OpenAIは自社AIハードウェア優先

アップル、Google Geminiに数十億ドル支払いか。OpenAIは提携拒否?

多根清史

Image:vfhnb12/Shutterstock.com

アップルは、GoogleのGemini AIモデルを新たなSiriの基盤として活用することを発表した。具体的な契約条件は公表されていないものの、数年契約で数十億ドル規模の支払いが発生するとみられている。また、ChatGPTの提供元であるOpenAIが、アップルとの提携を意図的に避けたとも報じられている。

Googleは、このパートナーシップが「複数年にわたる協業」であると説明している。一方アップルは、Geminiモデルを自社のプライベートクラウドサーバー上で稼働させ、プライバシー保護を継続すると明言した。ユーザーデータはGoogleの外部サーバーに渡されず、広義のアップル製エコシステム内にとどまり続ける形となる。

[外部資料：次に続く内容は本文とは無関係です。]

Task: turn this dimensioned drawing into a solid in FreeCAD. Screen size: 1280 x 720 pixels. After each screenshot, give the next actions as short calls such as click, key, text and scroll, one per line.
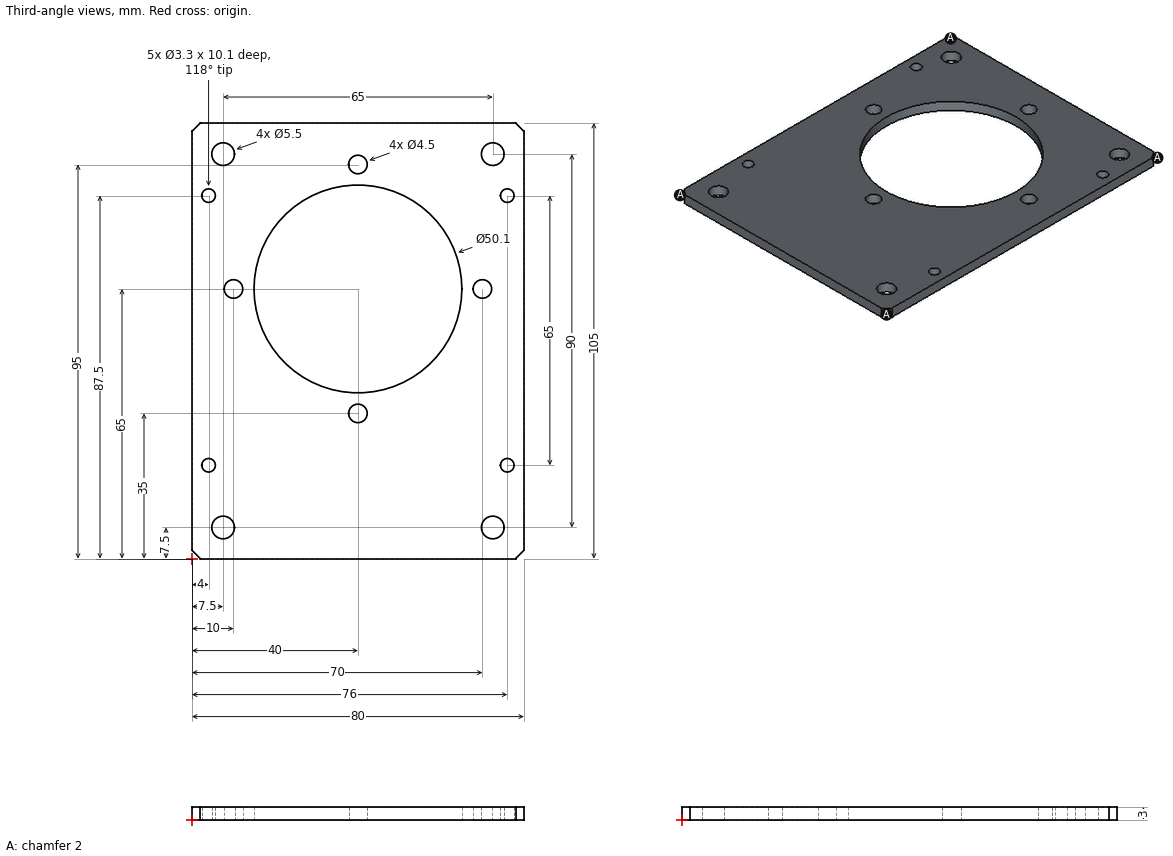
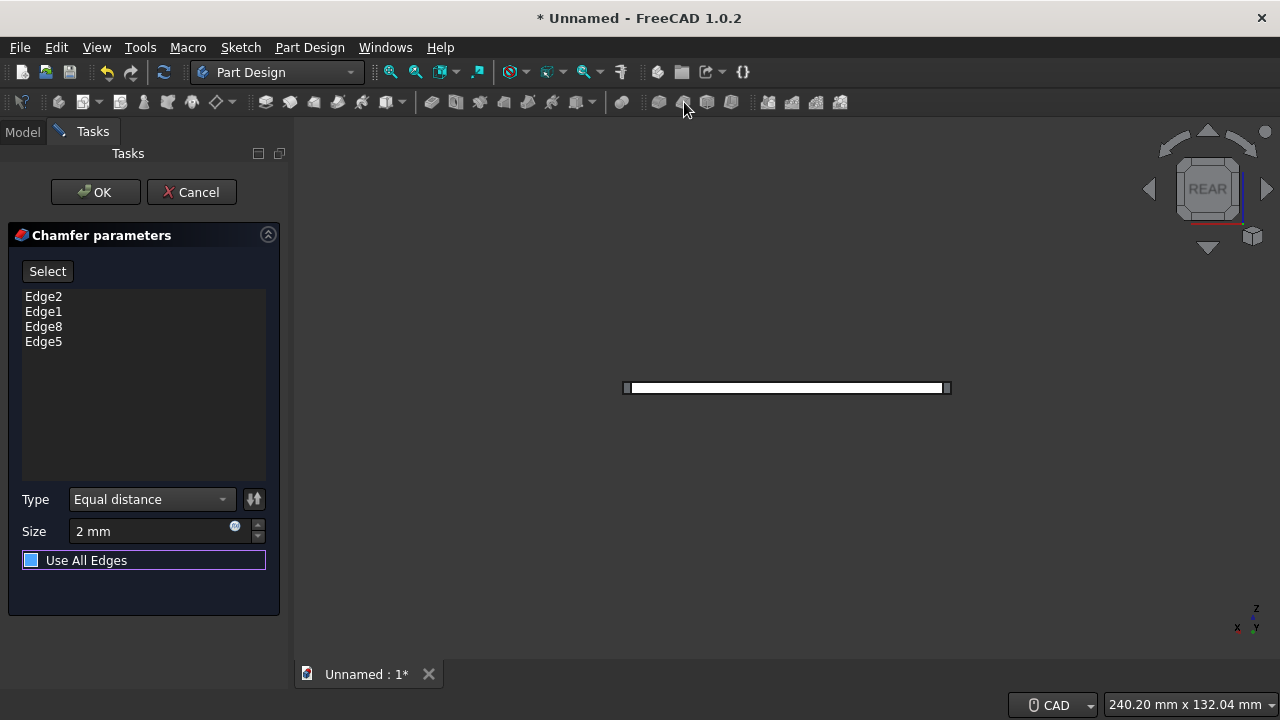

英Financial Timesは、さらに踏み込んだ内部情報を伝えている。それによると、この契約はクラウドコンピューティング契約の形を取り、規模は「数十億ドル」に及ぶという。アップルは、Googleに対して数年にわたり毎年数億ドルを支払う可能性があるとされている。

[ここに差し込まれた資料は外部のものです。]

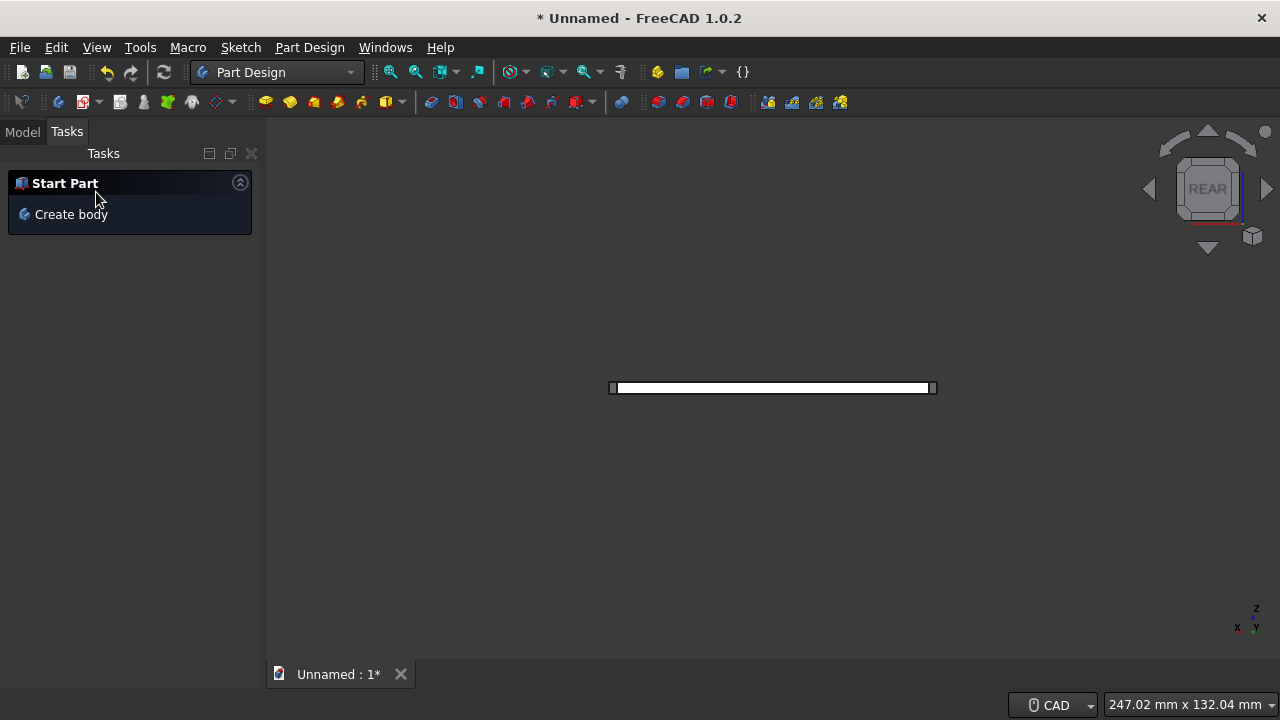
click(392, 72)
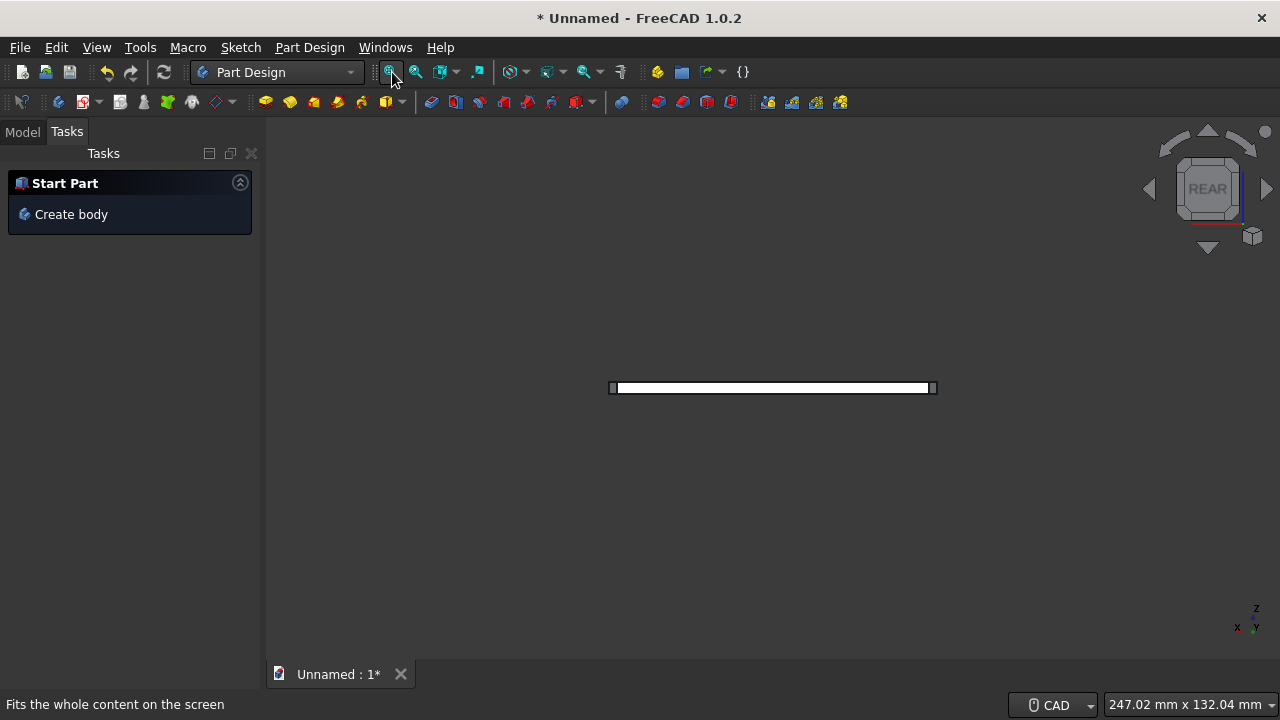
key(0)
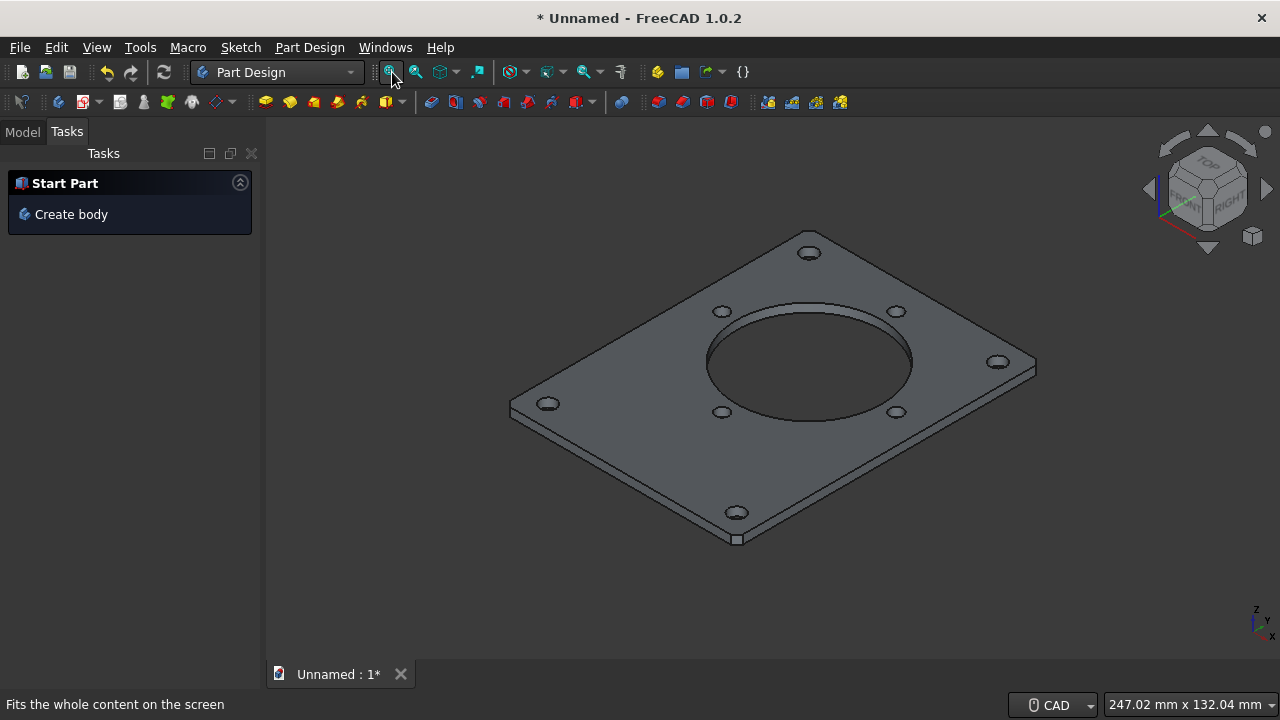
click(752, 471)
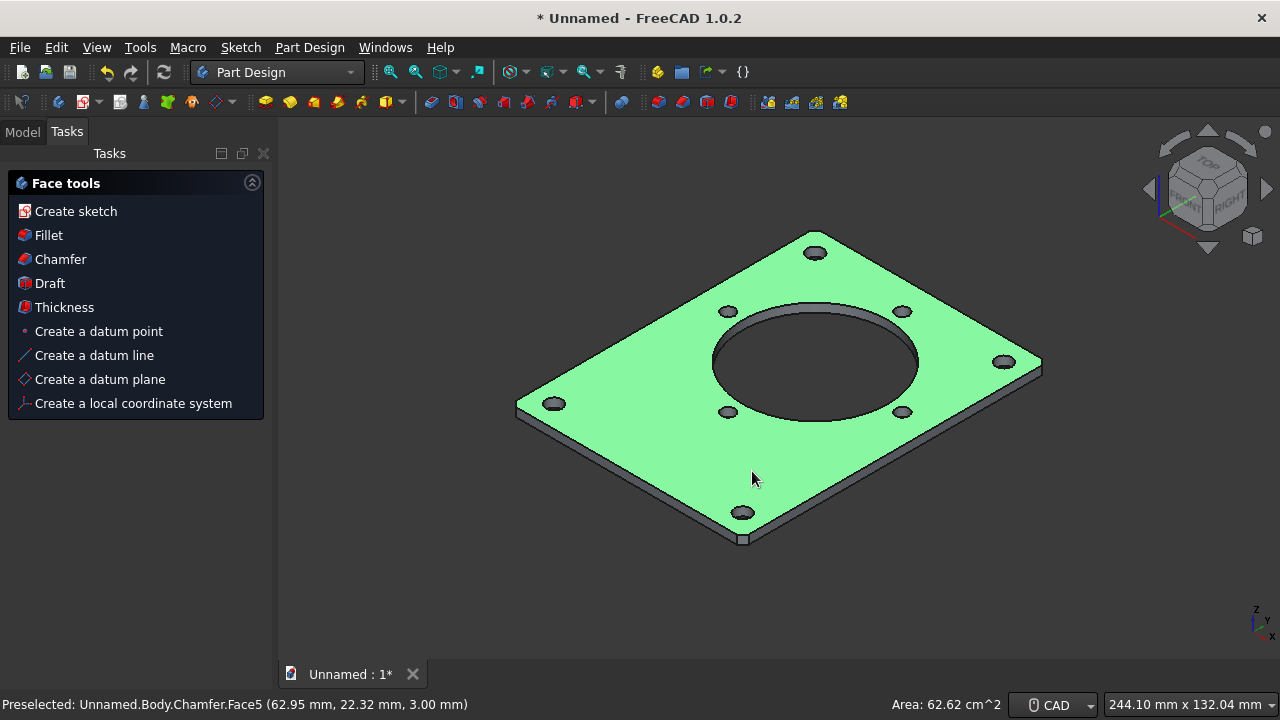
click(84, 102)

この内容は、年間およそ10億ドル前後とするBloombergの報道とも整合的である。仮にこれが事実であれば、アップルがGoogleから「デフォルト検索エンジン」の対価として最大で年間200億ドル規模を受け取っているとされる現状を踏まえると、同社にとっては比較的割の良い取引だと見なすこともできる。

さらに注目すべき点は、OpenAIがアップル向けにカスタムAIモデルを提供することを「意識的な決定」として見送ったと報じられている点である。関係者によれば、その代わりに、アップル製品を上回ることを目指した自社AIデバイスの開発に注力する道を選んだという。

アップルとOpenAIの間で、少なくとも協議が行われたことはほぼ確実とみられるが、アップルが正式な契約オファーを提示したかどうかは明らかになっていない。

OpenAIは企業向けにカスタムAIモデルを提供しているものの、それらは同社自身が最適化・ホスティングを行い、クライアント側に完全な制御を委ねない形を取っている。一方で、アップルはGeminiについて自社でカスタマイズしていると報じられており、この点で条件が折り合わなかった可能性がある。また、アップルの厳格なプライバシー制約により学習用データが制限されることも、OpenAIにとっては魅力に乏しい要因だったと推測される。

ここで言及されているAIデバイスとは、元アップルのデザイン責任者であるジョニー・アイブが設計した、いまだ詳細が明かされていないハードウェアである。この製品はペン型になると噂されており、2026〜2027年頃の発売が取り沙汰されている。